Re your second suggestion: I agree completely and will revise that part of the guideline accordingly. In my mind this connects to a strategy for applied research that I often recommend: selecting positive exceptions / instances of success as the subjects of case studies, especially when the reasons for failure are already well know. Coincidentally I've recently been involved in some cross-country research on Women's Collective Action (WCA) in agricultural markets in Africa in which we followed just this strategy when designing the qualitative component of the study (investigating apparent cases of success, so that we could draw lessons from the ways in which women engaged in different kinds of WCA had escaped the usual constraints and/or been able to secure greater economic and other benefits than other women smallholders). Moreover we've included personal stories of success in some of our write-ups of this research (currently in draft). Oxfam does this in a lot of its publications, and the guideline about Human Interest Stories should reflect this.

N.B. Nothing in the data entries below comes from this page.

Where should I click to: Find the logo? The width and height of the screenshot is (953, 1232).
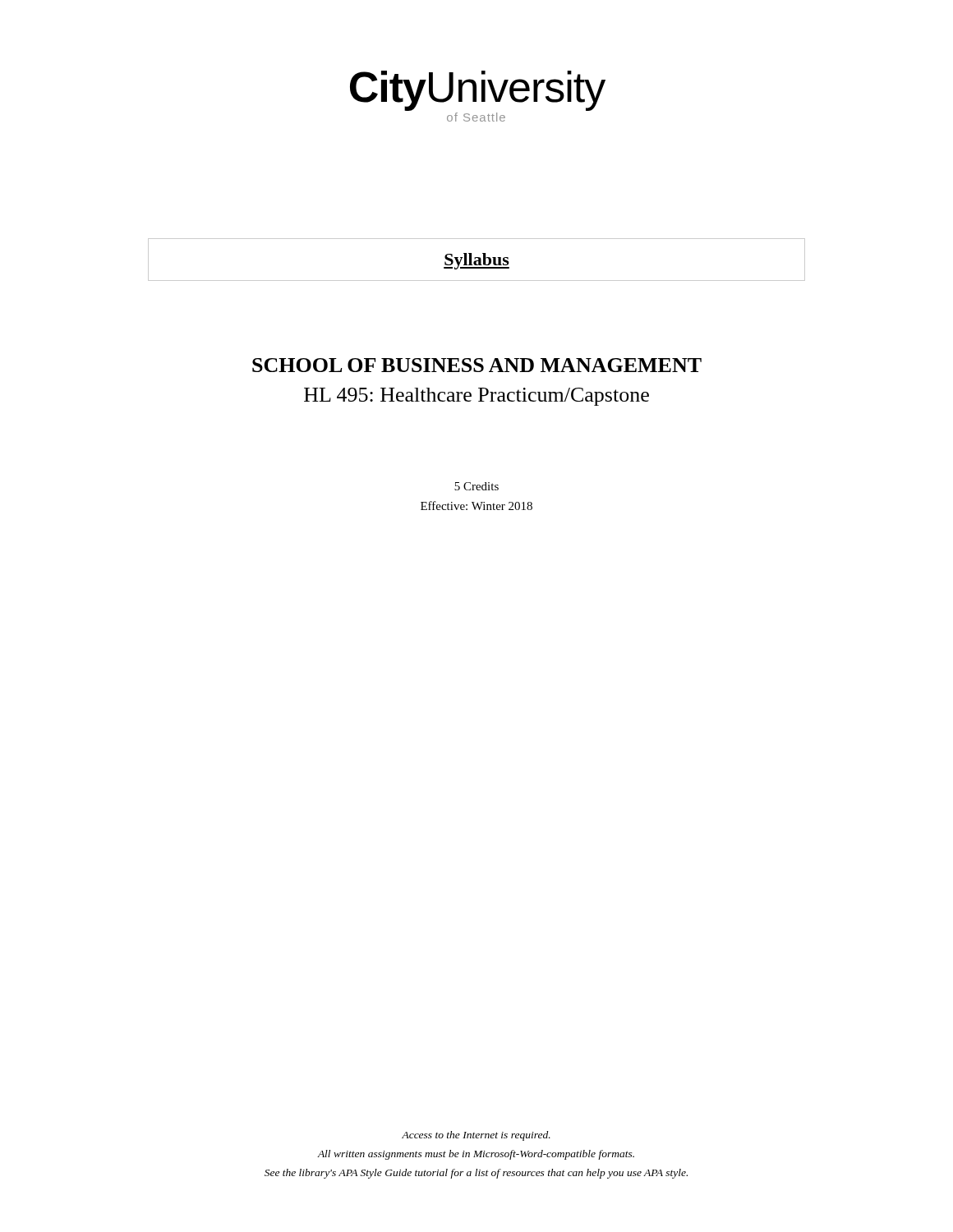[476, 95]
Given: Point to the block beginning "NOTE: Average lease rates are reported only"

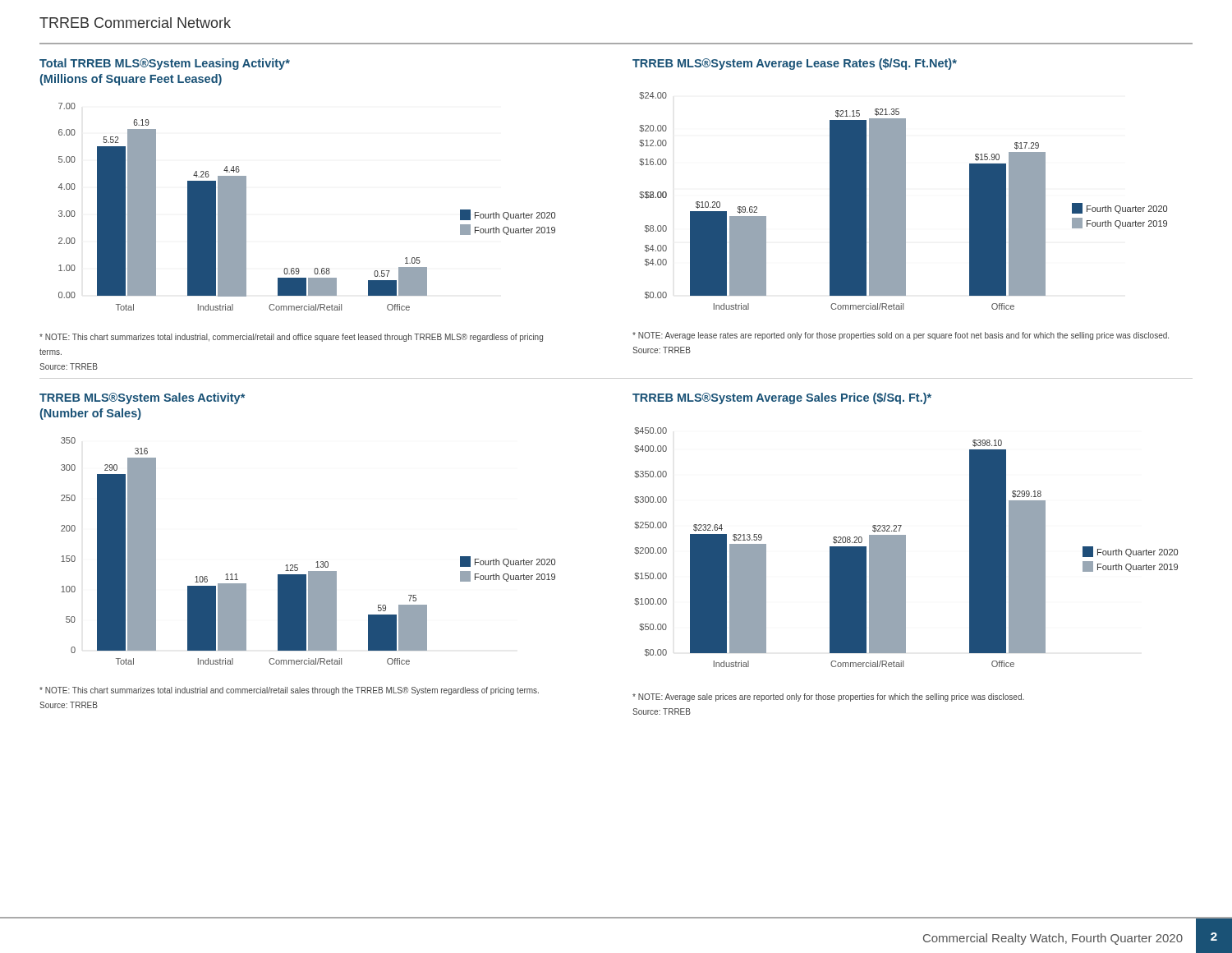Looking at the screenshot, I should pos(901,343).
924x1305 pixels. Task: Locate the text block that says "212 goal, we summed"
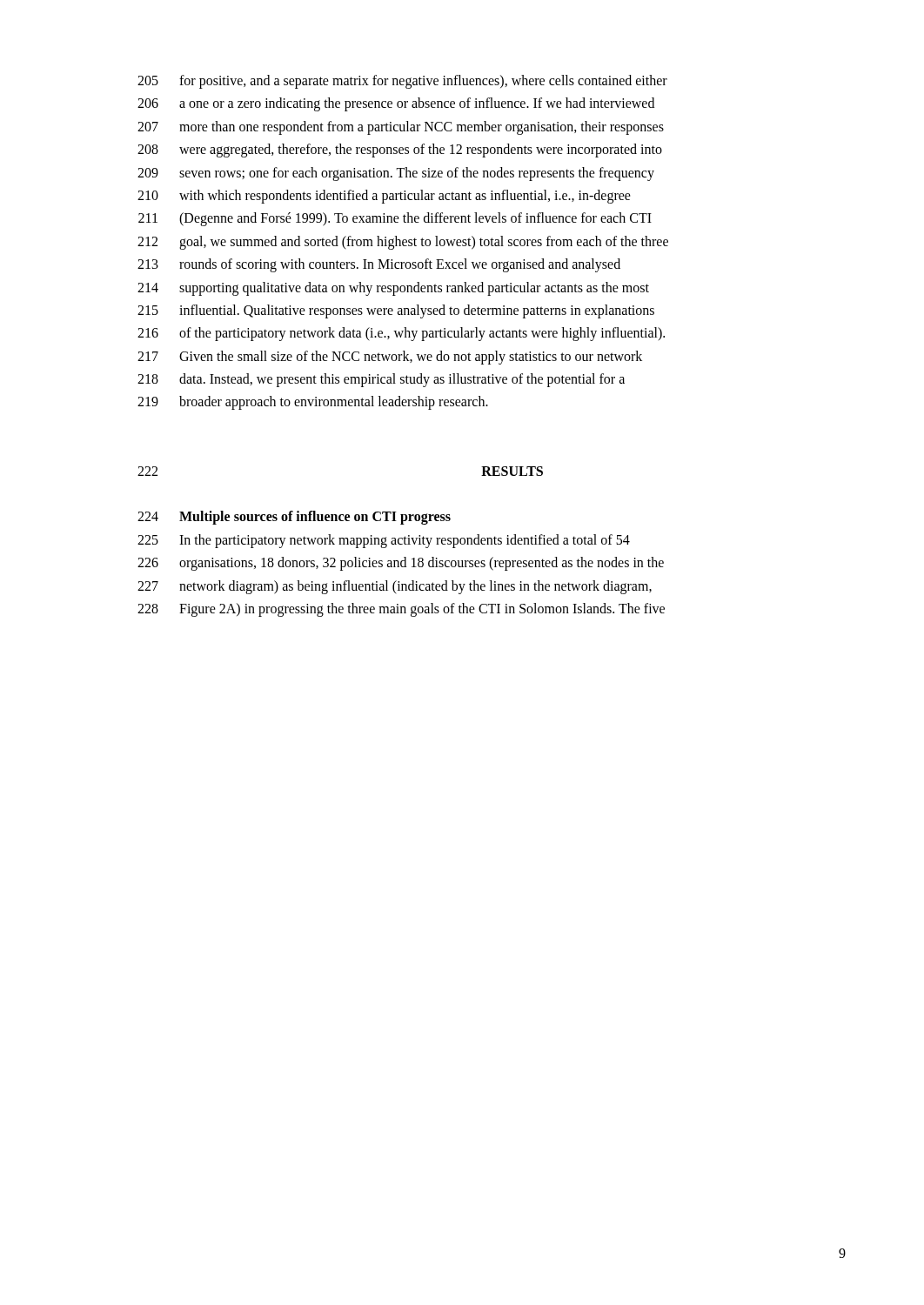click(x=479, y=242)
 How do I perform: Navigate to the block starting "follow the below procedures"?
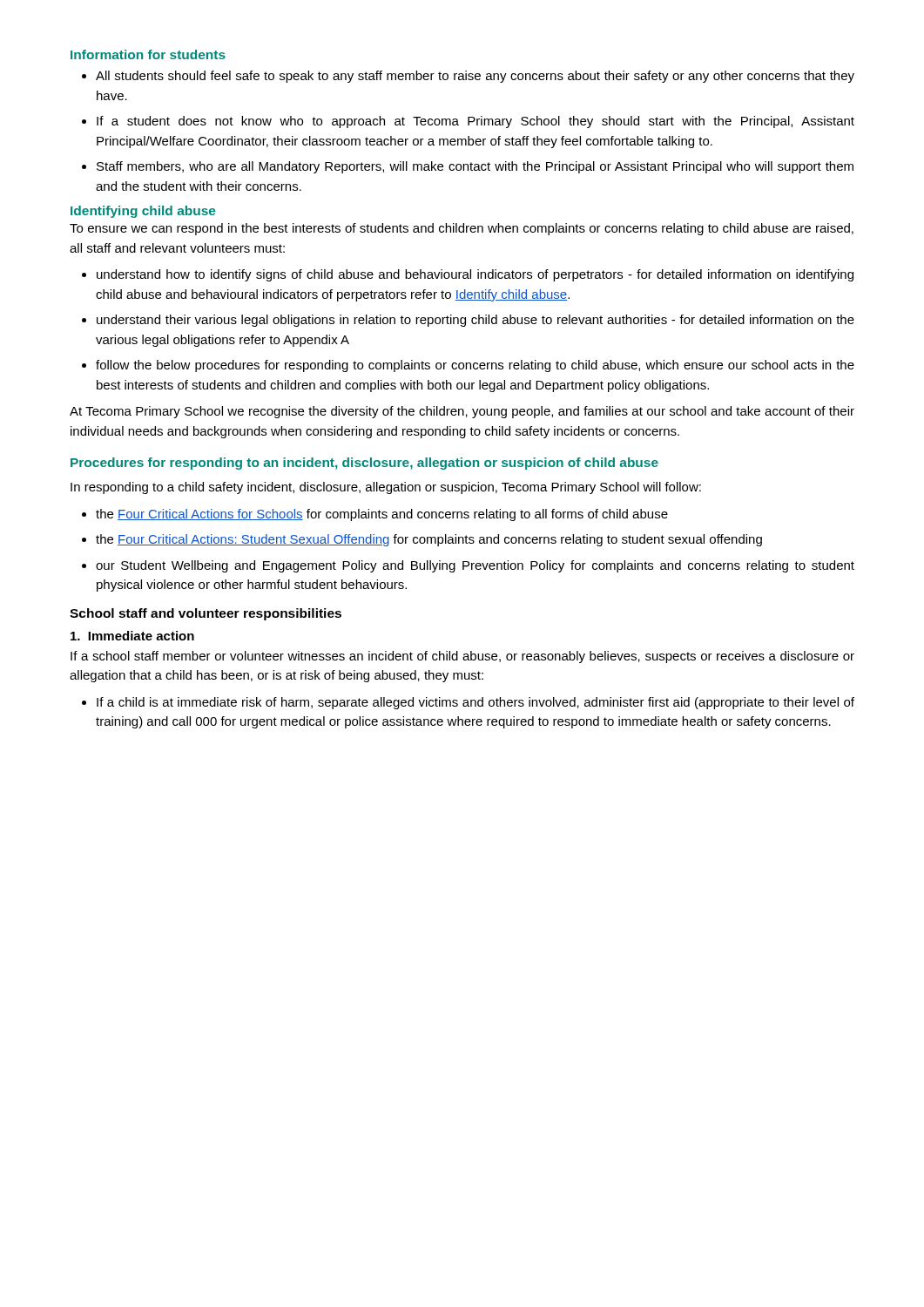tap(475, 375)
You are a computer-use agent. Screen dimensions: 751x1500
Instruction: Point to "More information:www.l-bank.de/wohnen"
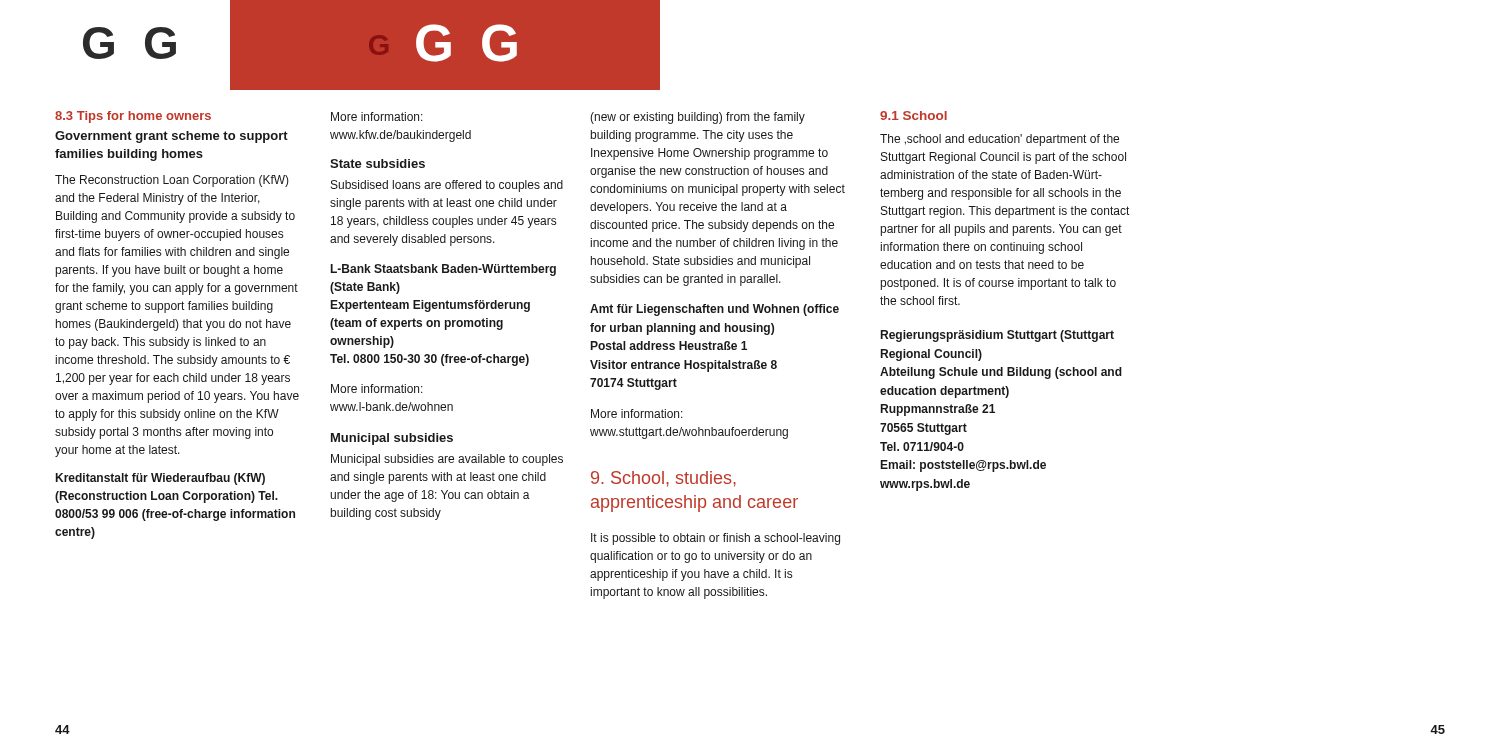click(x=392, y=398)
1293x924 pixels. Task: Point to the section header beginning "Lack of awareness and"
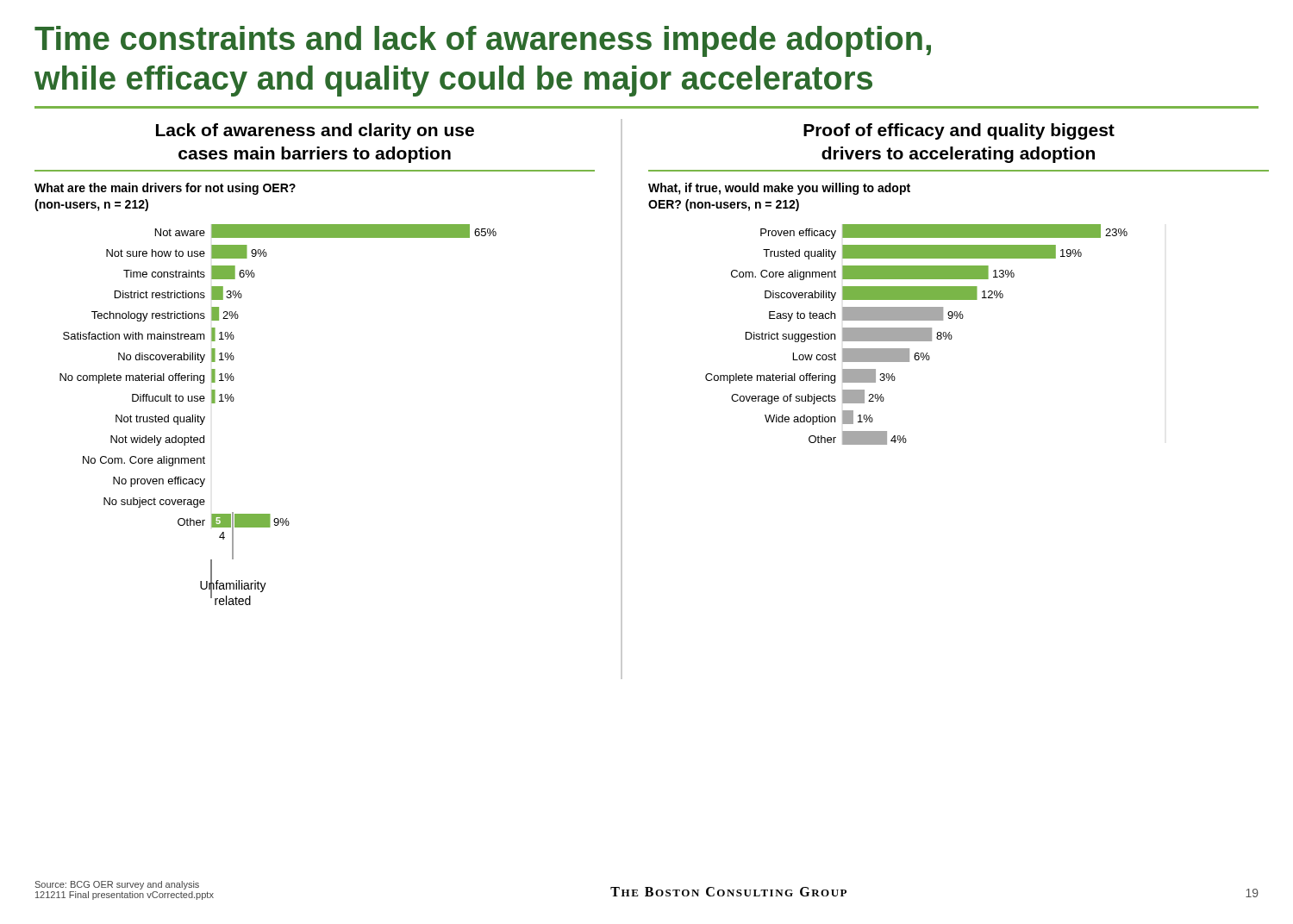[315, 141]
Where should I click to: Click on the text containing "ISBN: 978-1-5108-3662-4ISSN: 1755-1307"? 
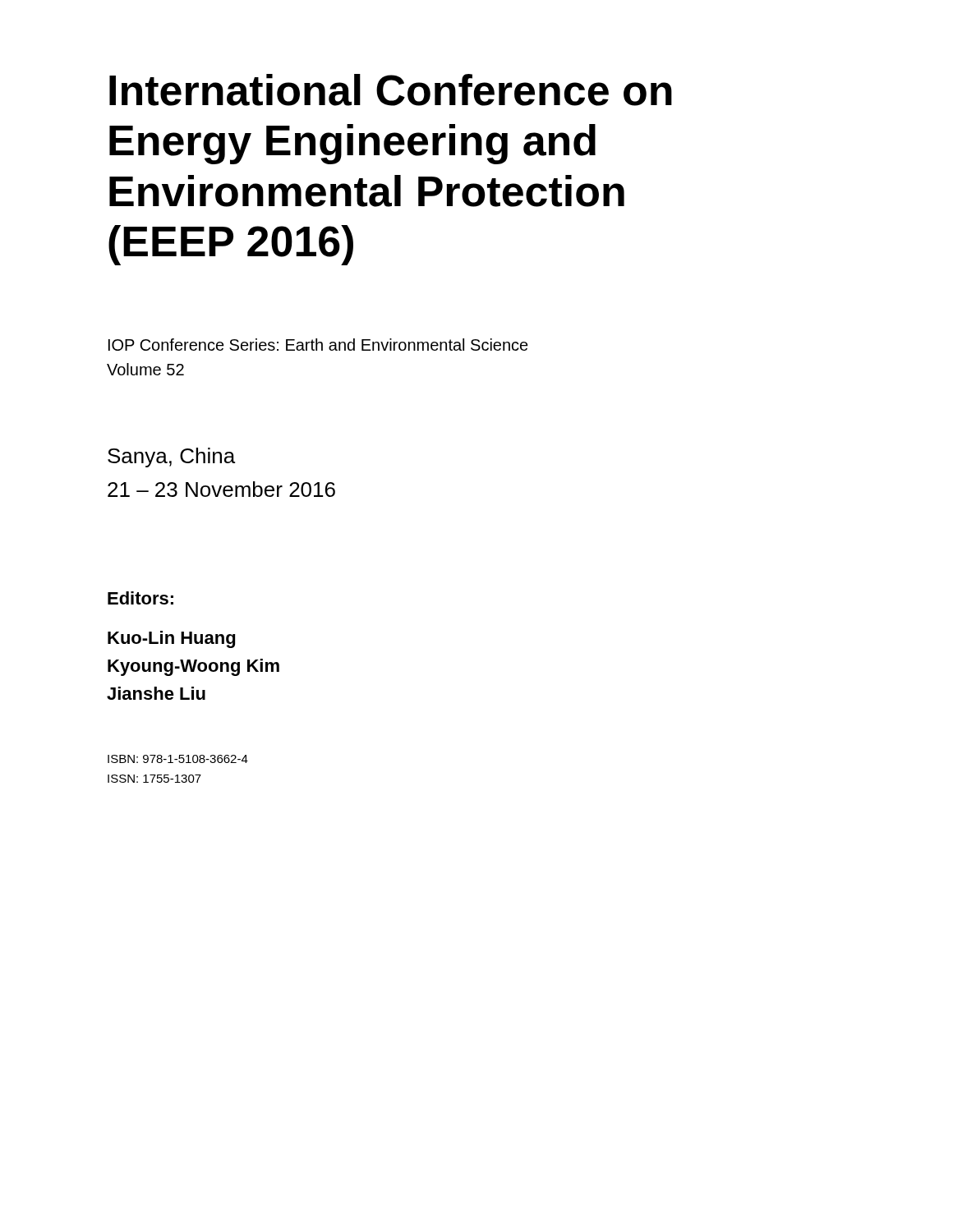click(178, 759)
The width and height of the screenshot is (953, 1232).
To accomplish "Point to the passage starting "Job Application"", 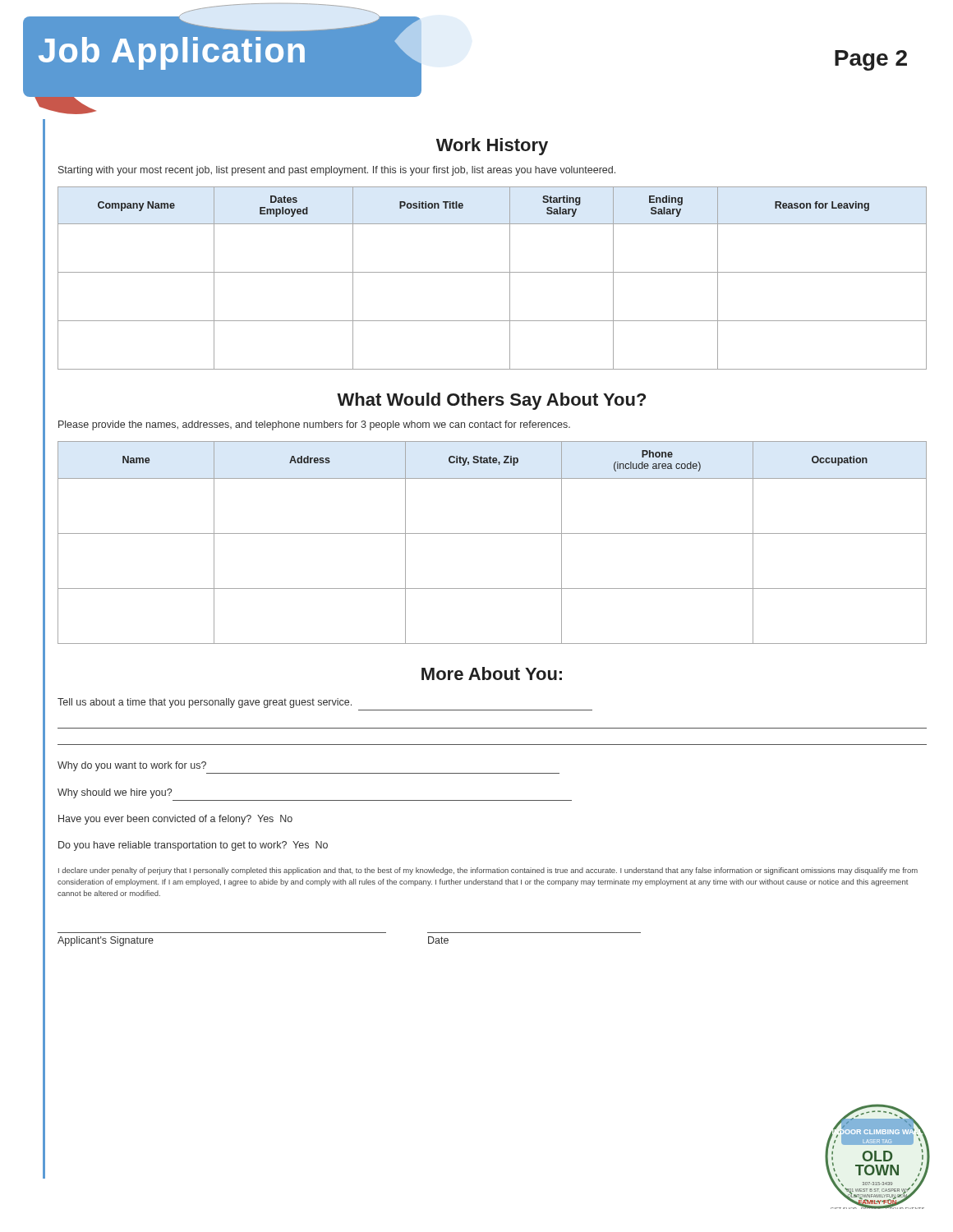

Last but not least, that's a great anecdote from Vietnam and the Harvard Business Review. As one of my colleagues quickly observed, it could actually illustrate a number of quite different things, and not just the value of investigating exceptional cases!

   

Comment by John McCreery on December 10, 2012 at 9:19am

An excellent set of materials, with wide applicability (anyone who wants to write persuasive prose). I wish they had been around when I was a student and, later, a novice copywriter. Just a couple of points that could use strengthening. First, start by asking yourself three key questions: Who am I writing to? What do I want them to do? Why will communicating your proposition to them achieve that goal? If you can answer these three questions in no more than a paragraph each, you are well on your way. The discipline of always asking them will make you a more persuasive writer.

Second, yes, it is important to determine if a person is typical—but extraordinary, atypical people may have more important things to say. Yes, you have to be careful and consider bias and unintended consequence, but human interest stories, in particular, often benefit if the teller/protagonist is someone out of the ordinary.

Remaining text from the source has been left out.